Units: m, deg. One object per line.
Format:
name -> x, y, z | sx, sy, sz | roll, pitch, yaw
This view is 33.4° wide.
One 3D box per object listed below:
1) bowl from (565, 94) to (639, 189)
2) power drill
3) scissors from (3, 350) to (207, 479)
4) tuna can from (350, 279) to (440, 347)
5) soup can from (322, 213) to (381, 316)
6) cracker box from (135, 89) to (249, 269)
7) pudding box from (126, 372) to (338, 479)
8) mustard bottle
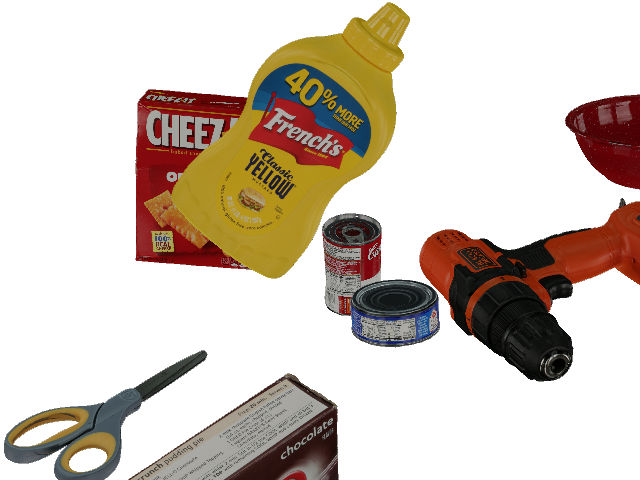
bowl -> 0.306, -0.087, 0.975 | 0.162, 0.055, 0.162 | -4, 23, 2
power drill -> 0.186, 0.031, 0.774 | 0.187, 0.057, 0.184 | -10, 28, -16
scissors -> -0.149, 0.141, 0.848 | 0.201, 0.016, 0.096 | -17, 36, -36
tuna can -> 0.071, 0.068, 1.026 | 0.086, 0.034, 0.086 | -4, 21, 1
soup can -> 0.036, 0.029, 1.241 | 0.068, 0.102, 0.068 | -1, 31, 0
cracker box -> -0.148, -0.074, 1.352 | 0.164, 0.214, 0.072 | 5, 22, 2
pudding box -> -0.042, 0.127, 0.494 | 0.039, 0.090, 0.113 | 30, 47, 34
mustard bottle -> -0.007, -0.072, 0.692 | 0.096, 0.192, 0.058 | 39, 20, 0

_____

-- Problem to work on --
Would you please write out exactly the lines between the line containing "3) scissors from (3, 350) to (207, 479)" and the last line of the listing above, inclusive, without pictures?

-- Written solution --
3) scissors from (3, 350) to (207, 479)
4) tuna can from (350, 279) to (440, 347)
5) soup can from (322, 213) to (381, 316)
6) cracker box from (135, 89) to (249, 269)
7) pudding box from (126, 372) to (338, 479)
8) mustard bottle
bowl -> 0.306, -0.087, 0.975 | 0.162, 0.055, 0.162 | -4, 23, 2
power drill -> 0.186, 0.031, 0.774 | 0.187, 0.057, 0.184 | -10, 28, -16
scissors -> -0.149, 0.141, 0.848 | 0.201, 0.016, 0.096 | -17, 36, -36
tuna can -> 0.071, 0.068, 1.026 | 0.086, 0.034, 0.086 | -4, 21, 1
soup can -> 0.036, 0.029, 1.241 | 0.068, 0.102, 0.068 | -1, 31, 0
cracker box -> -0.148, -0.074, 1.352 | 0.164, 0.214, 0.072 | 5, 22, 2
pudding box -> -0.042, 0.127, 0.494 | 0.039, 0.090, 0.113 | 30, 47, 34
mustard bottle -> -0.007, -0.072, 0.692 | 0.096, 0.192, 0.058 | 39, 20, 0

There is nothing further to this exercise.